2. Coincidence?

277 73 88
                                    

Langit sudah gelap. Jam kunjungan di rumah sakit telah berakhir.

Jungkook melonggarkan dasi yang sedari pagi terasa mencekik lehernya. Dia seharusnya sudah pulang sejak tadi, tetapi ada beberapa data rekam medis yang harus dia periksa. Tangannya menggenggam sekaleng soda yang ia dapatkan dari lemari pendingin di ruang istirahat. Dalam sekali hentak, Jungkook berhasil membuka kaleng sodanya kemudian meminumnya hingga tandas.

Ia lalu menjatuhkan diri pada kursi. Kedua siku di atas meja sedangkan jari-jari tangannya merayap ke belakang leher, memberi pijatan kecil untuk menghilangkan penat. Jungkook tiba-tiba teringat sesuatu.

"Kang Yerim." Dia bergumam kemudian mengangkat kepala.

Pertemuannya tadi siang dengan Yerim terlupakan begitu saja setelah ia mengantar Ara pulang dan kembali lagi ke rumah sakit. Jungkook punya beberapa pasien yang harus ia tangani hari ini sehingga pikirannya tentang Yerim menguap. Jungkook yakin dia Yerim teman sekolahnya dulu.

Yerim yang sekarang tentu berbeda dengan Yerim yang Jungkook ingat. Yerim saat masa sekolah berambut panjang, biasanya dikuncir satu dengan hiasan pita atau dibiarkan tergerai dengan poni sampai alisnya. Yerim suka mengenakan gelang merah kecil di pergelangan tangan kiri. Warnanya mencolok, tapi entah kenapa Jungkook menganggapnya lucu saat itu.

Jungkook mengurangi intensitasnya mematai-matai Yerim sejak kejadian di halte. Dia bahkan terlalu pengecut untuk berdiri di hadapan Yerim, maka Jungkook menyadari tak ada kesempatan untuknya. Setelah kelulusan, Jungkook dengar Yerim pindah ke Busan. Hanya sebatas itu. Jungkook sendiri melanjutkan studinya di Universitas Kyunghee dan secara perlahan melupakan perasaannya pada gadis itu.

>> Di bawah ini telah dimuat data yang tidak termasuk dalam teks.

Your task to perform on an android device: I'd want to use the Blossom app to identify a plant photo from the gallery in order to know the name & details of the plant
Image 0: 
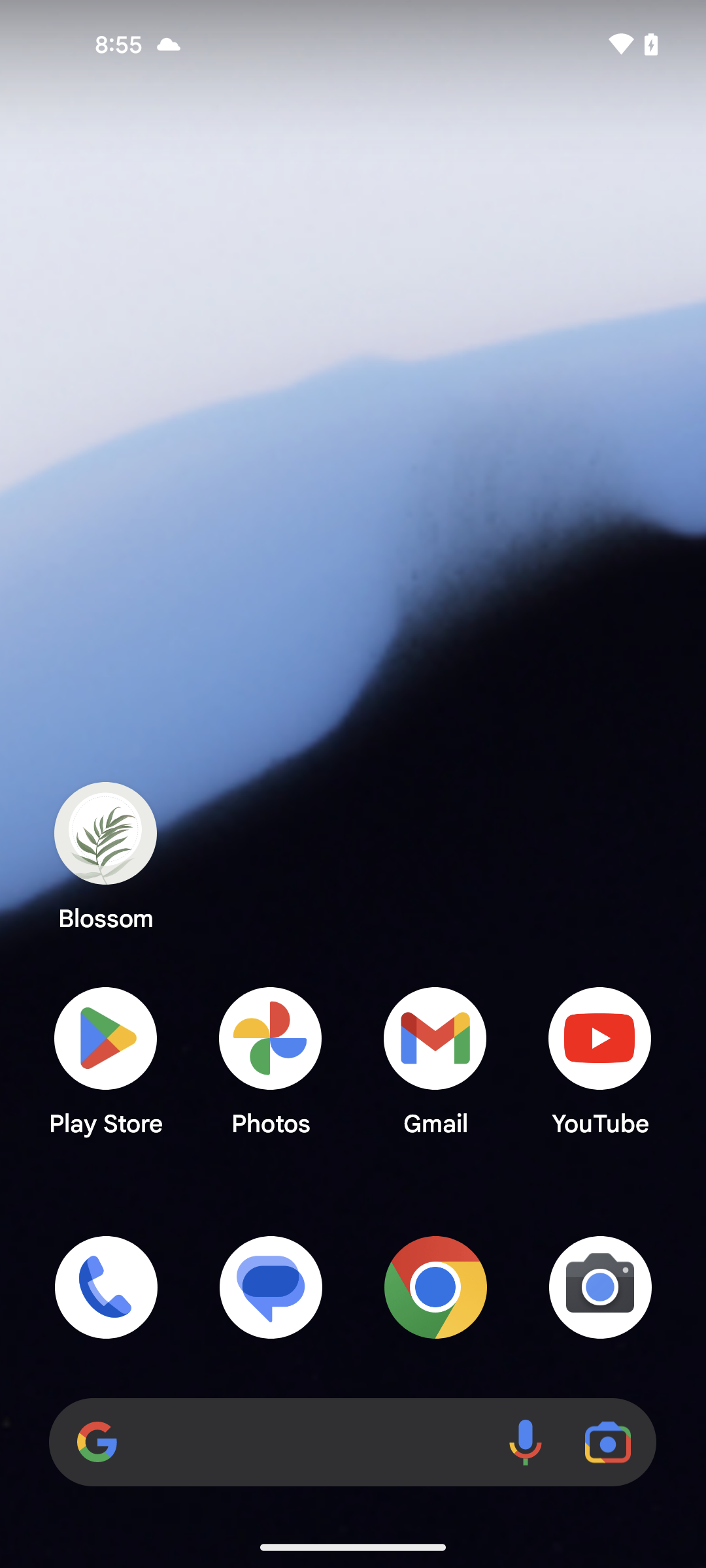
open the Blossom app
Step 0: open app "Blossom"
Image 1: 
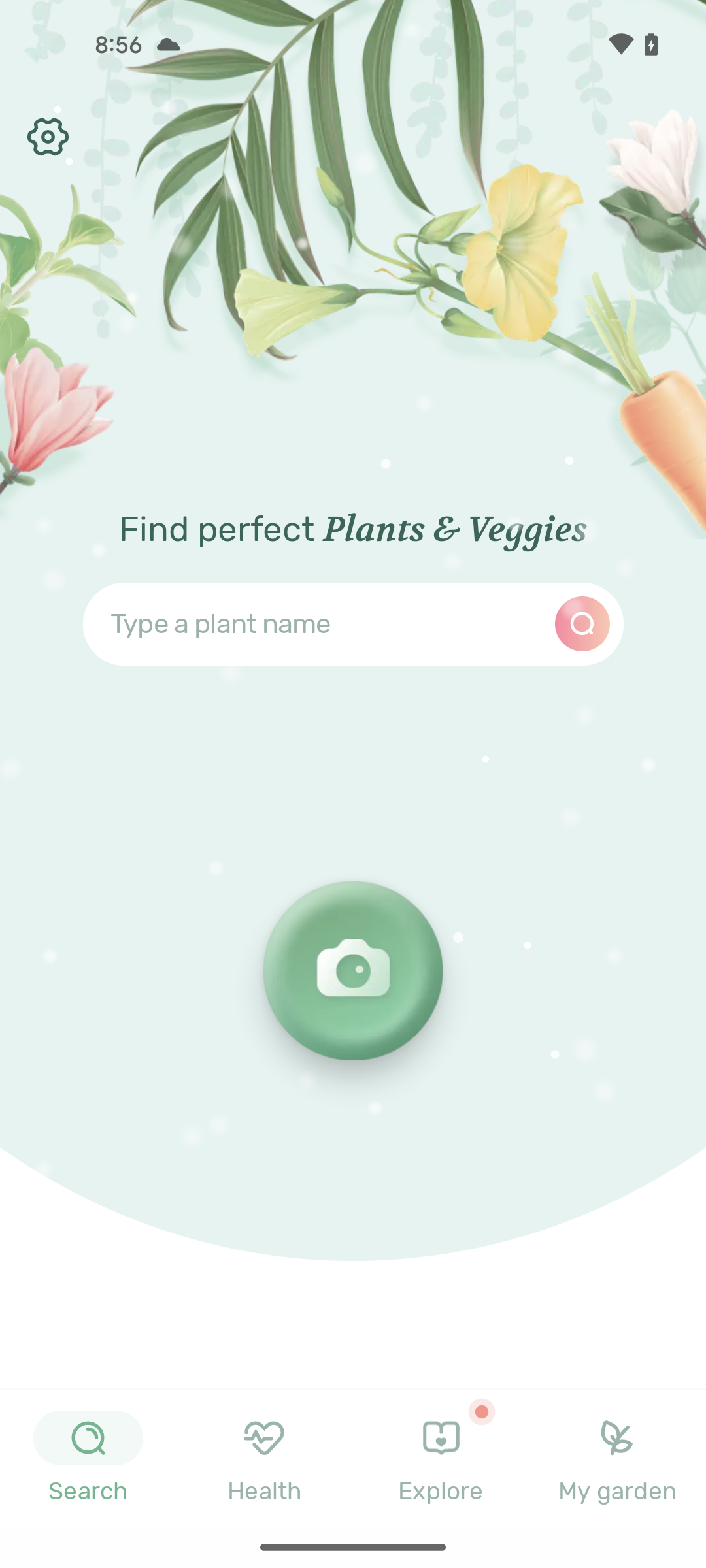
click on the camera button
Step 1: click (363, 977)
Image 2: 
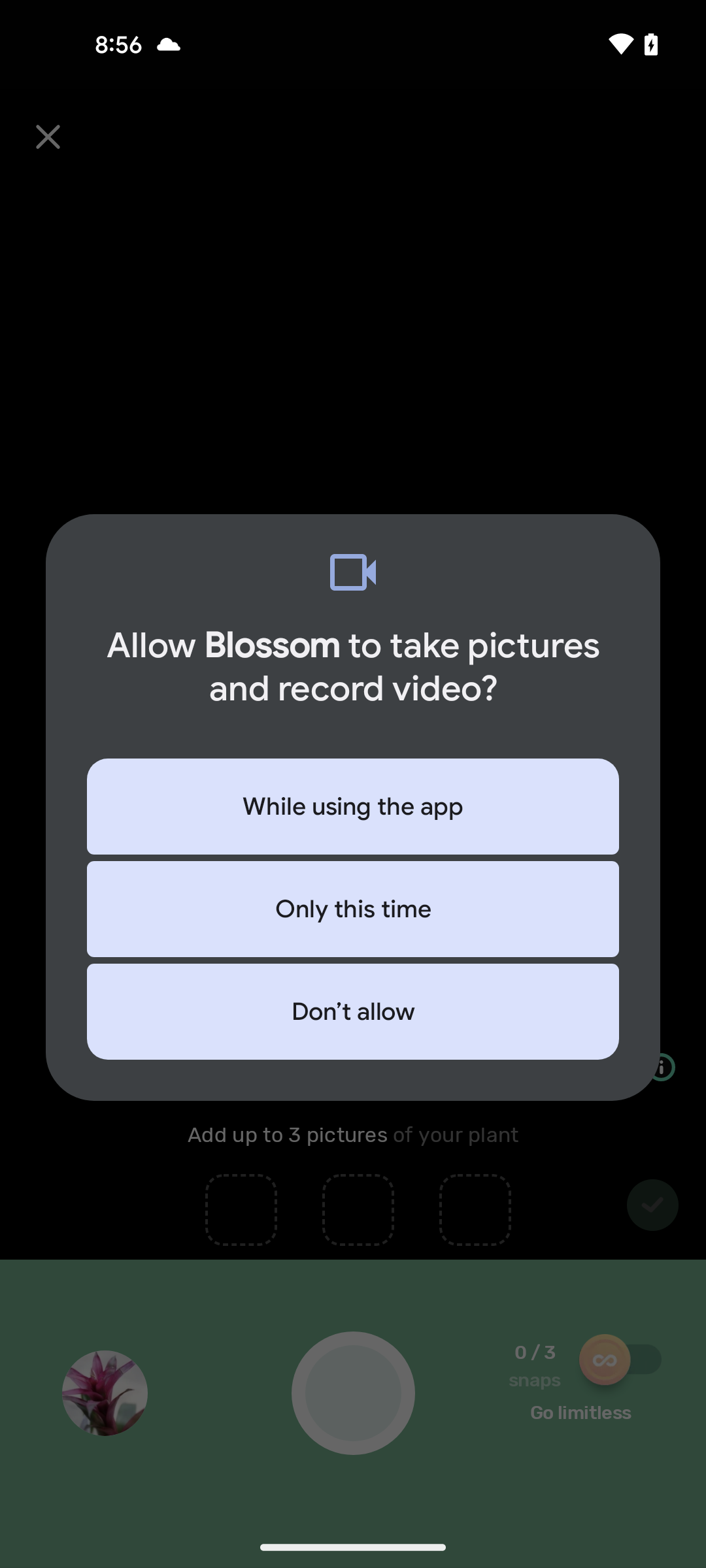
click on while using the app option
Step 2: click (353, 806)
Image 3: 
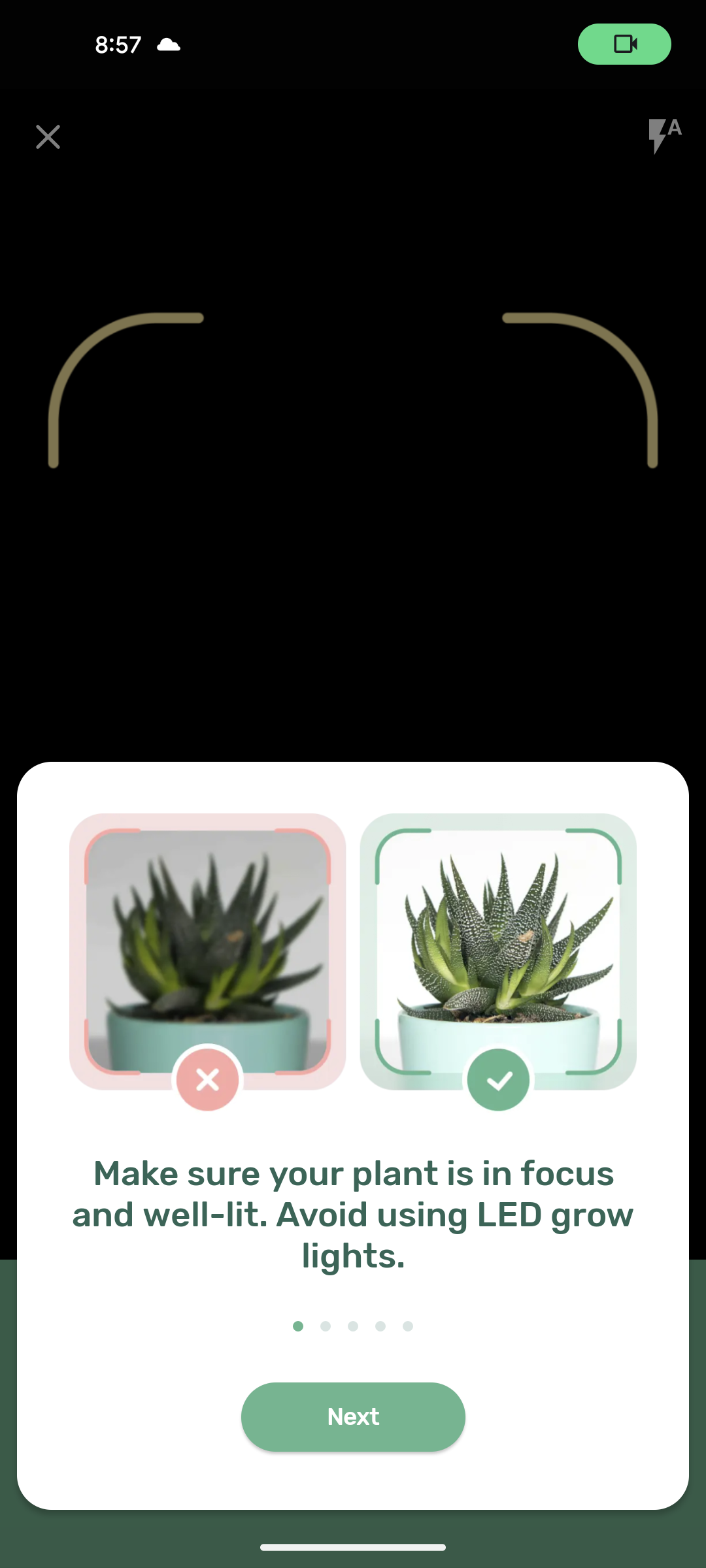
click on next option
Step 3: click (353, 1417)
Image 4: 
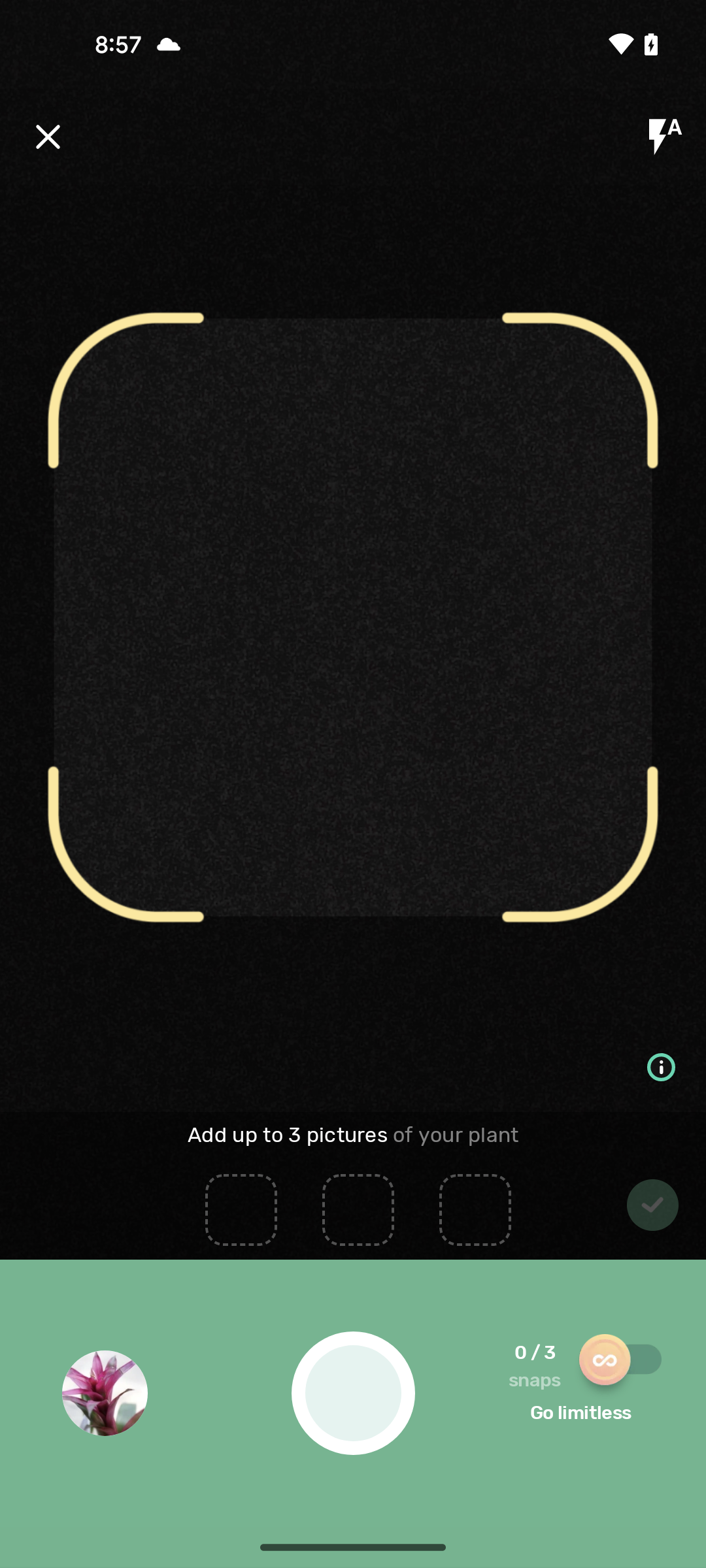
click on the gallery option
Step 4: click (114, 1409)
Image 5: 
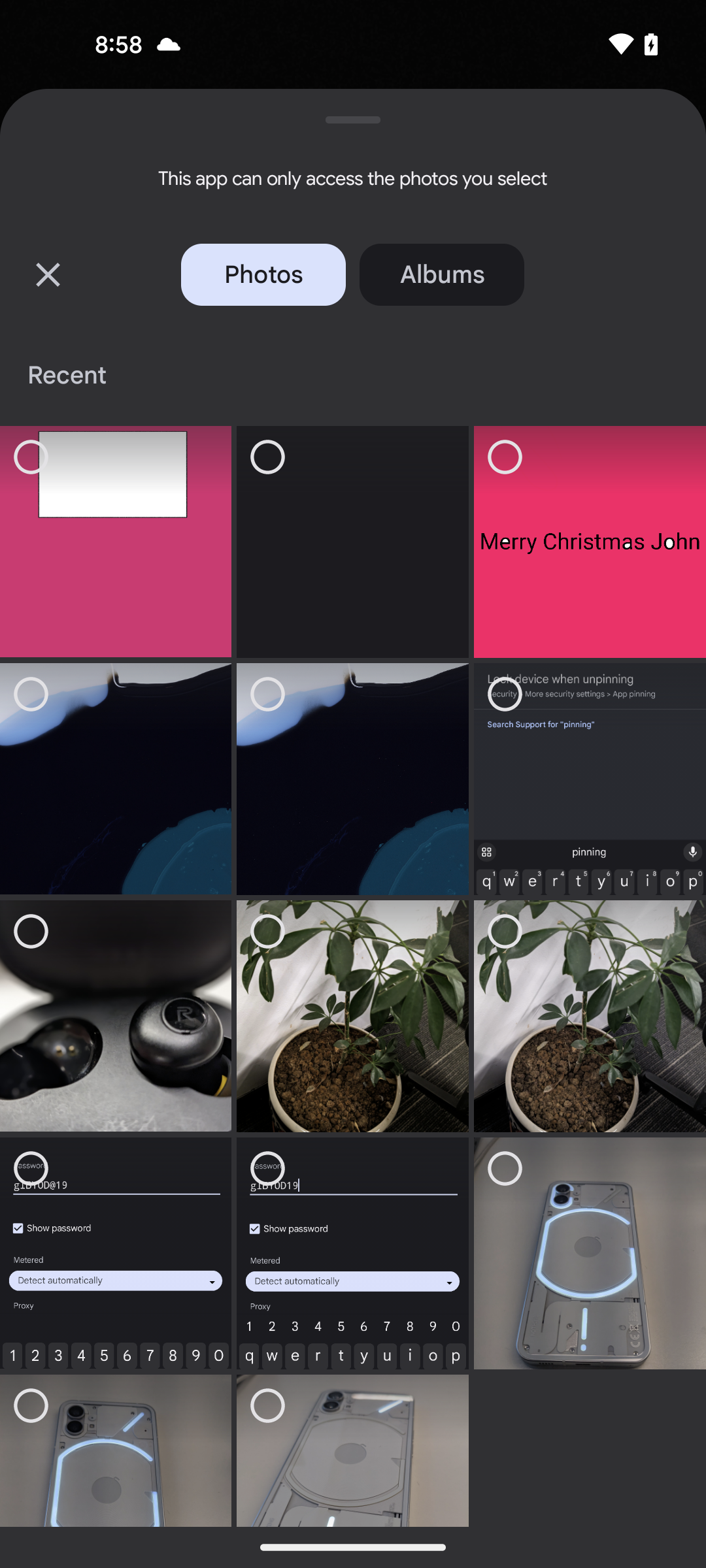
select the plant photo
Step 5: click (352, 1016)
Image 7: 
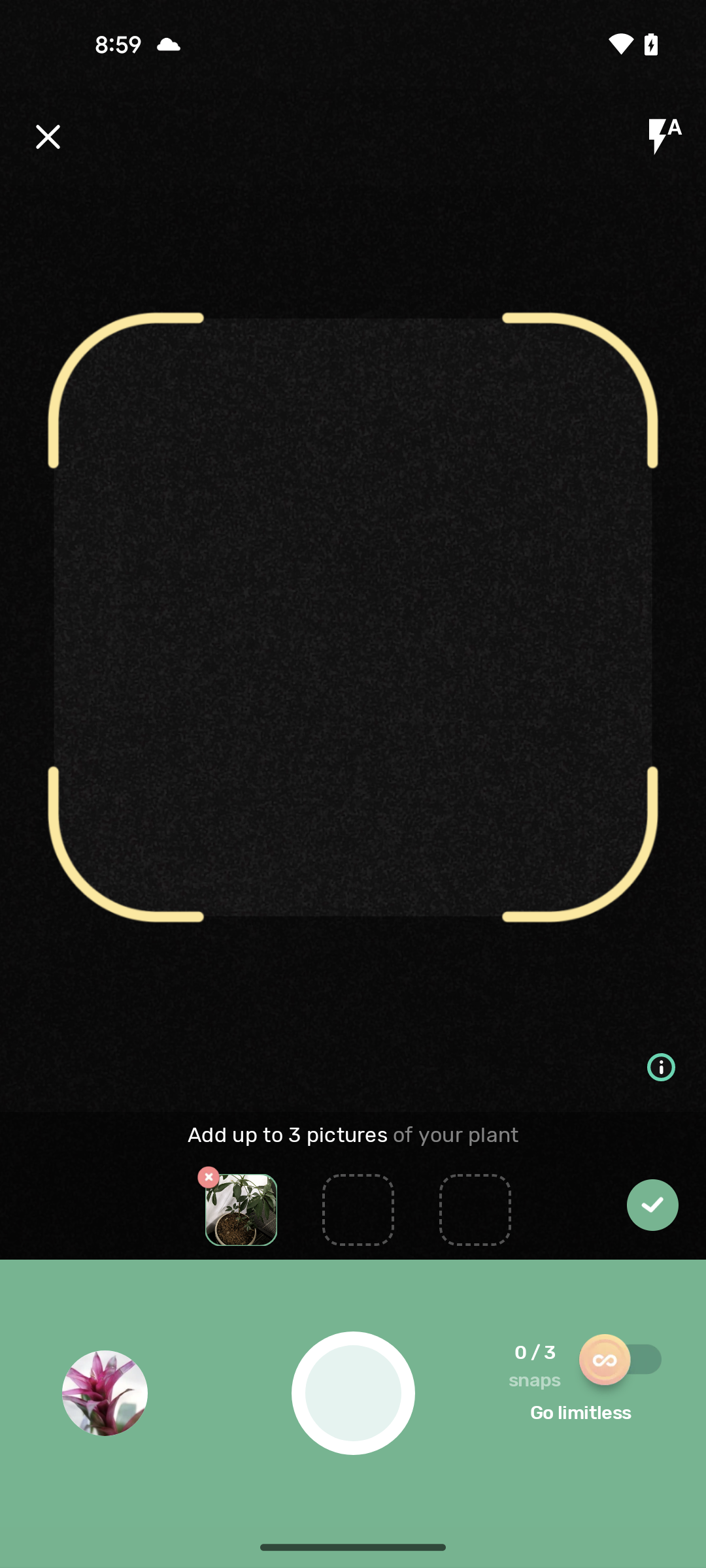
click on tick icon
Step 7: click (645, 1203)
Image 8: 
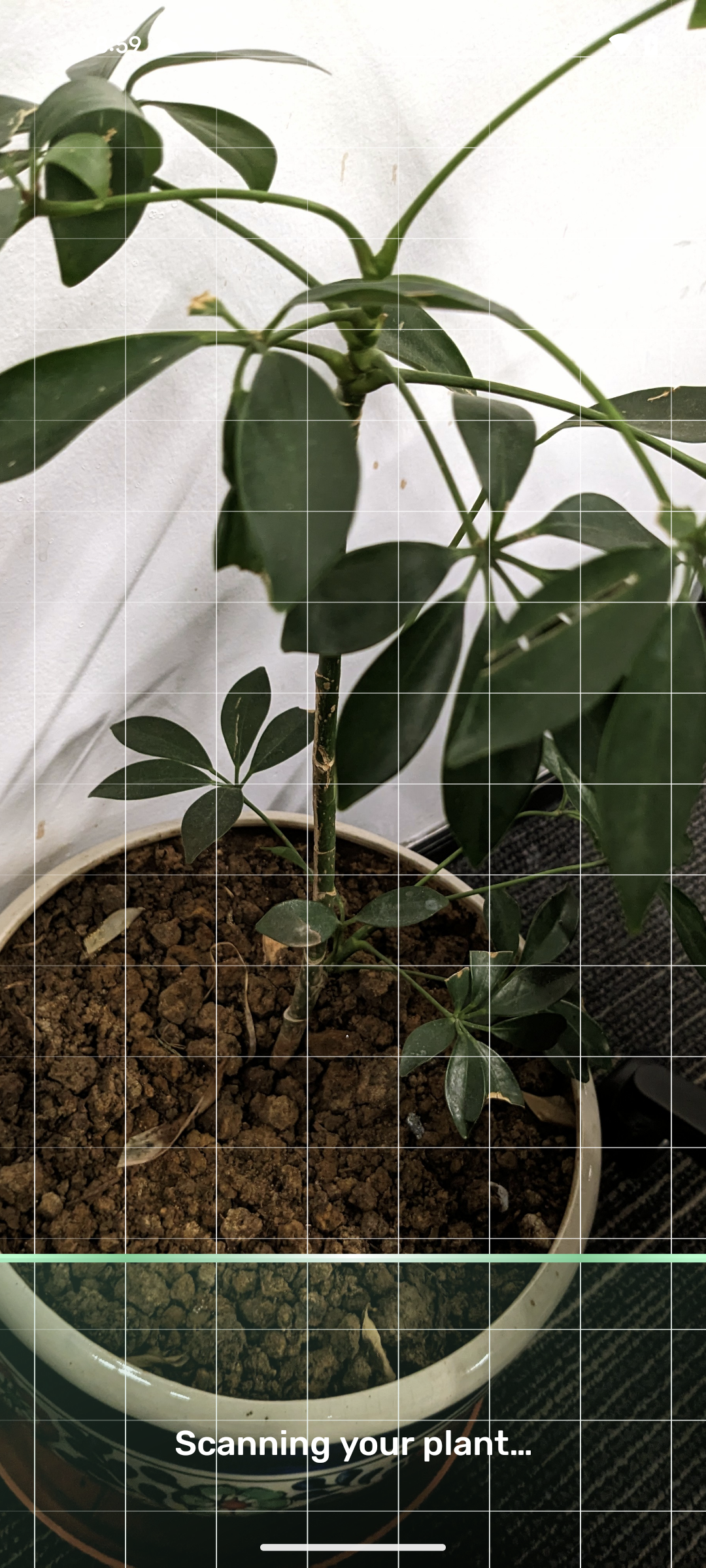
click on tick icon
Step 8: wait

Saat itu Jungkook masih terlalu muda. Terkadang, ia bahkan tak memahami dirinya sendiri. Dan hari ini, Jungkook bertemu kembali dengan Yerim. Ada sesuatu yang mengusik dirinya dari dalam, dari hatinya. Perasaan yang menghilang itu ... mungkinkah kembali lagi? Jungkook sendiri tak tahu. Namun ketika tangan kanan Jungkook merayap untuk memegangi dada kirinya, diam-diam dia merasa takut.

"Jungkook, belum pulang?"

Seseorang sudah berdiri di depan pintu. Entah sejak kapan, Jungkook tak tahu. Ia sama sekali tak mendengar suara langkah kaki mendekat.

"Namjoon hyung, ada apa kemari?"

"Tidak ada maksud khusus. Aku baru saja menyelesaikan shift-ku dan akan pulang. Tak sengaja melihatmu memegangi dada begitu, kupikir kau sakit. Tapi sepertinya tidak ya?" Namjoon tersenyum. Ia mendekat kemudian duduk di kursi di hadapan Jungkook. "Kau sedang memikirkan seseorang dan sisi melankolismu keluar."

Kim Namjoon dari Departemen Bedah memang pandai. Pandai ketika di ruang operasi, pandai bicara, dan pandai membaca Jungkook. Mereka bertemu di tahun pertama Jungkook di rumah sakit. Namjoon adalah seniornya. Meskipun berbeda departemen, Namjoon tak segan untuk datang pada Jungkook dan memberinya sebotol air ketika makan siang.

"Hyung, aku bertemu dengan gadis yang pernah kuceritakan padamu."

Namjoon menaikkan alisnya. "Yang kau sukai saat SMA? Pantas, kau tidak terlihat seperti Jeon Jungkook sekarang."

"Dia tidak mengenaliku."

"Tidak heran. Kau bilang dulu kau pengecut yang tak berani mengajaknya bicara."

"Dia guru Ara di sekolah."

"Perfect!" Namjoon menjentikkan jarinya di hadapan Jungkook. Raut wajahnya seolah-olah dia telah menemukan jawaban paling tepat dari sebuah teka-teki. "Ini adalah serendipity, Jeon. Kau bertemu dengannya lagi setelah sekian lama meskipun kau tidak pernah meminta. Apalagi dia guru Ara, kau akan punya banyak kesempatan untuk membuatnya menjadi milikmu."